Crucially, we haven’t used independence here. Informally, we can write differential of term inside the integral: \[d \left(\bar{N}(t) - \int_{0}^t \lambda(x) \bar{Y}(x) dx\right)= d \bar{N}(t) - \lambda(t) \bar{Y}(t) dt\] We can write this quantity as \(d\bar{M}(t)\) so that \[d \bar{N}(t) = \lambda(t) \bar{Y}(t) dt + d\bar{M}(t)\] where \(\Exp{d\bar{M}(t)} = 0\). We can divide each side by \(\bar{Y}(t)\) as long as \(\bar{Y}(t) > 0\). If we introduce the indicator variable \(J(t) = \mathbbm{1}\left(\bar{Y}(t) > 0\right)\) and the convention that \(J(t) / \bar{Y}(t) = 0\) when \(\bar{Y}(t) = 0\) the equation becomes: \[\frac{J(t)}{\bar{Y}(t)}d \bar{N}(t) = J(t) \lambda(t) dt + \frac{J(t)}{\bar{Y}(t)}d\bar{M}(t)\] Integrating both sides yields an alternative estimand for \(\int_0^u \lambda(t) dt\): \[\int_0^u \frac{J(t)}{\bar{Y}(t)}d \bar{N}(t) = \int_0^u J(t) \lambda(t) dt + \int_0^u\frac{J(t)}{\bar{Y}(t)}d\bar{M}(t)\] The second term on the RHS is mean zero, so \[\Exp{\int_0^u \frac{J(t)}{\bar{Y}(t)}d \bar{N}(t)} = \Exp{\int_0^u J(t) \lambda(t) dt}.\] If \(J(t) \approxeq 1\) then the estimator is approximately unbiased.

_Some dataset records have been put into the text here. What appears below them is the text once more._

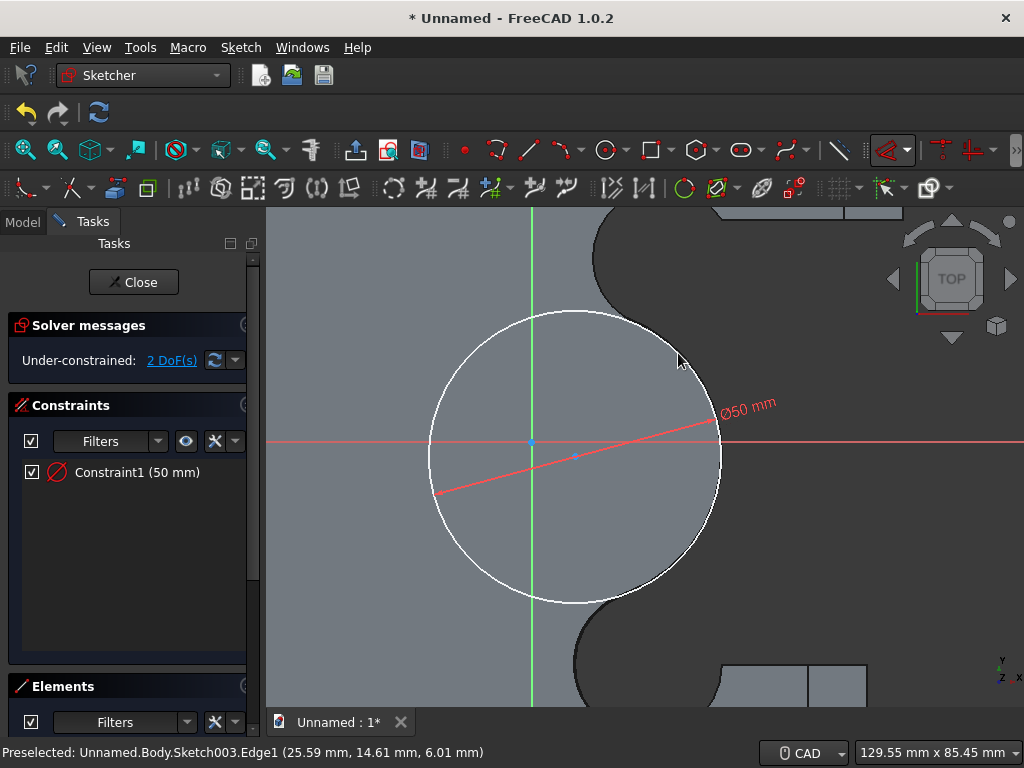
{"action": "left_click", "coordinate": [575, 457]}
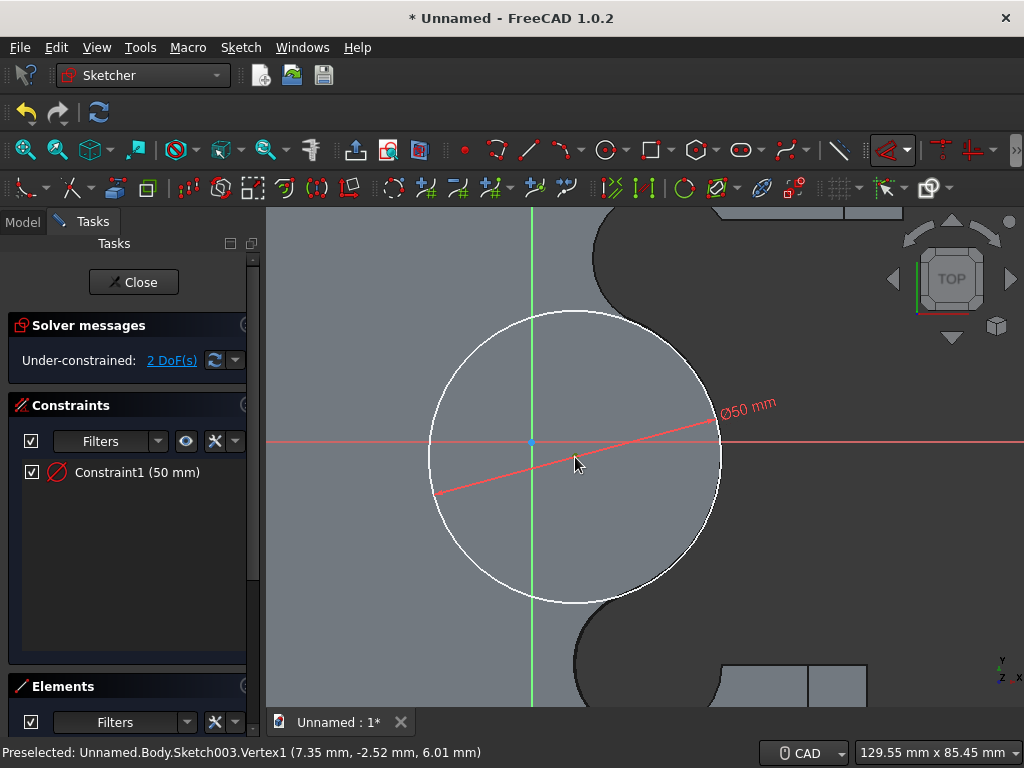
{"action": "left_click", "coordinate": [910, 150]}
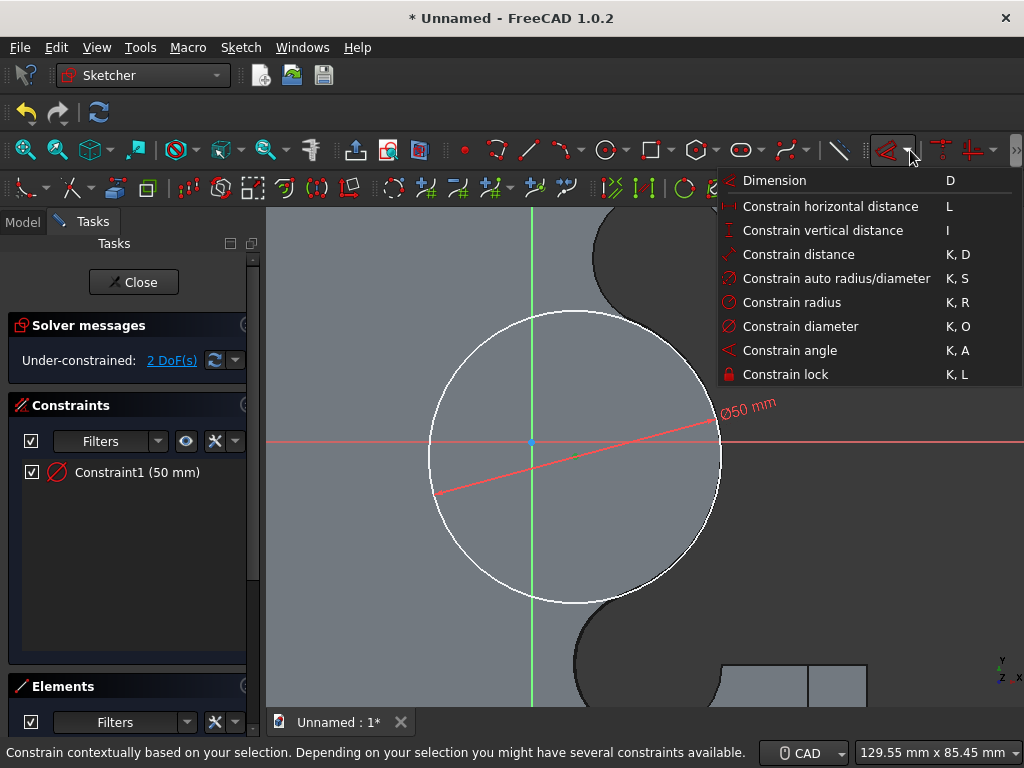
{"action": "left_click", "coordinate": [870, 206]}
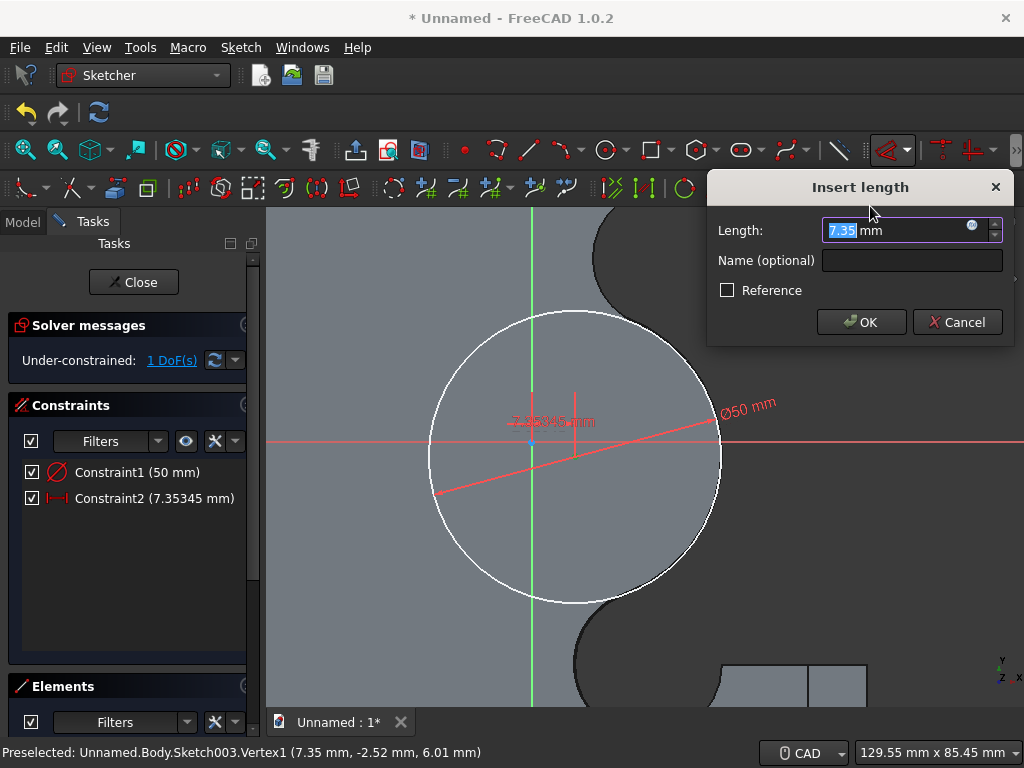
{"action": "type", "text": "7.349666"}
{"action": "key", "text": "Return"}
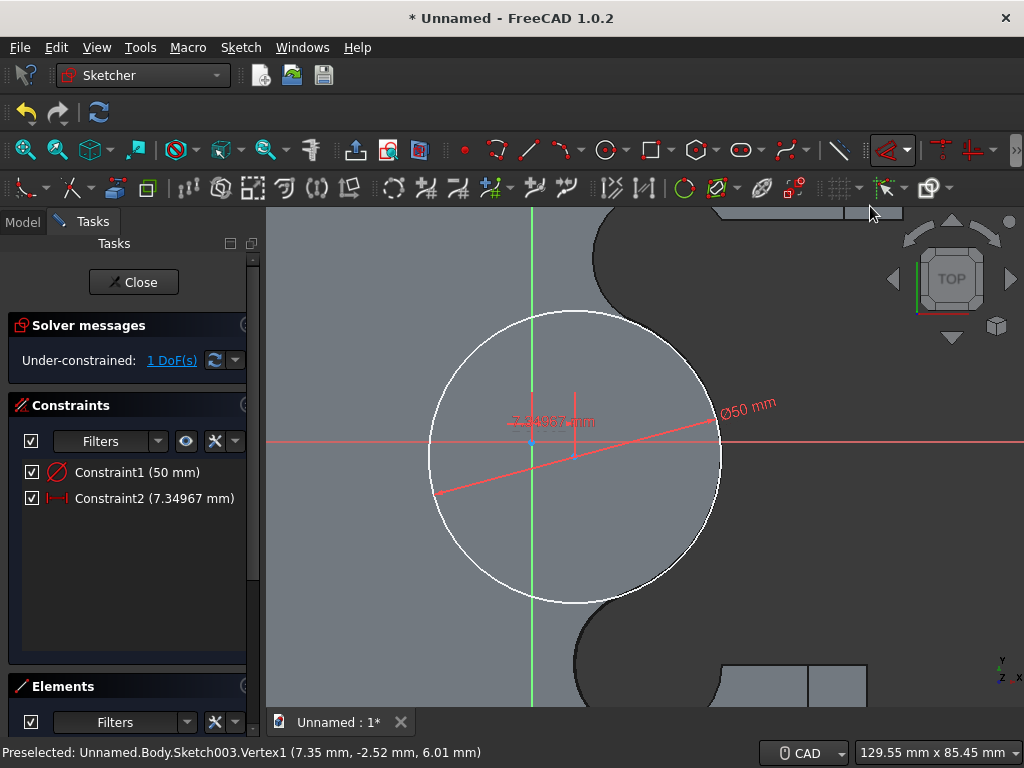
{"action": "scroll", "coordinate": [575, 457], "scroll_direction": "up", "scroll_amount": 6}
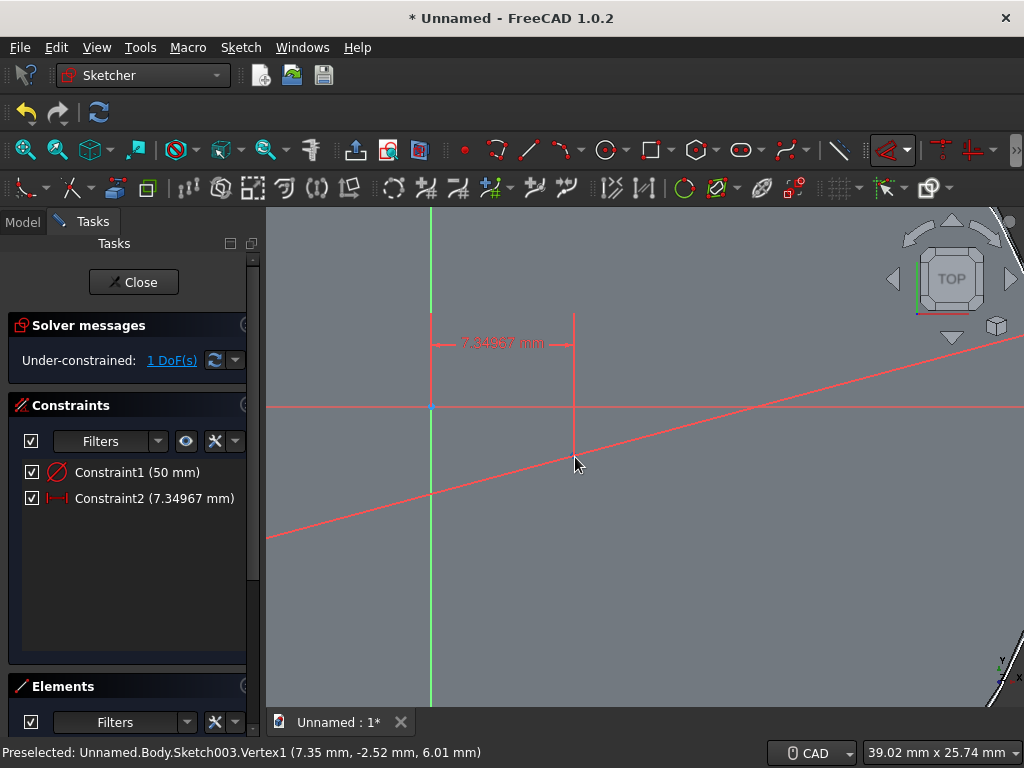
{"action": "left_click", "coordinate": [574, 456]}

In fact we can precisely characterize the bias:

\[ \begin{aligned} \Exp{\int_0^u J(t) \lambda(t) dt} - \int_0^u \lambda(t) dt & = \int_0^u \Exp{J(t)} \lambda(t) dt - \int_0^u \lambda(t) dt \\ & = \int_0^u \lambda(t)(\Exp{J(t)} - 1) dt \\ & = - \int_0^u \lambda(t)(1 - P(\bar{Y}(t) > 0)) dt\\ & = - \int_0^u \lambda(t)\prod_{i=1}^n P(\min(X_i, C_i) < t)) dt \end{aligned} \]

References

Aalen, Odd, Ornulf Borgan, and Hakon Gjessing. 2008. Survival and Event History Analysis: A Process Point of View. Springer Science & Business Media.
Fleming, Thomas R, and David P Harrington. 2005. “Counting Processes and Survival Analysis.” Wiley Series in Probability and Statistics.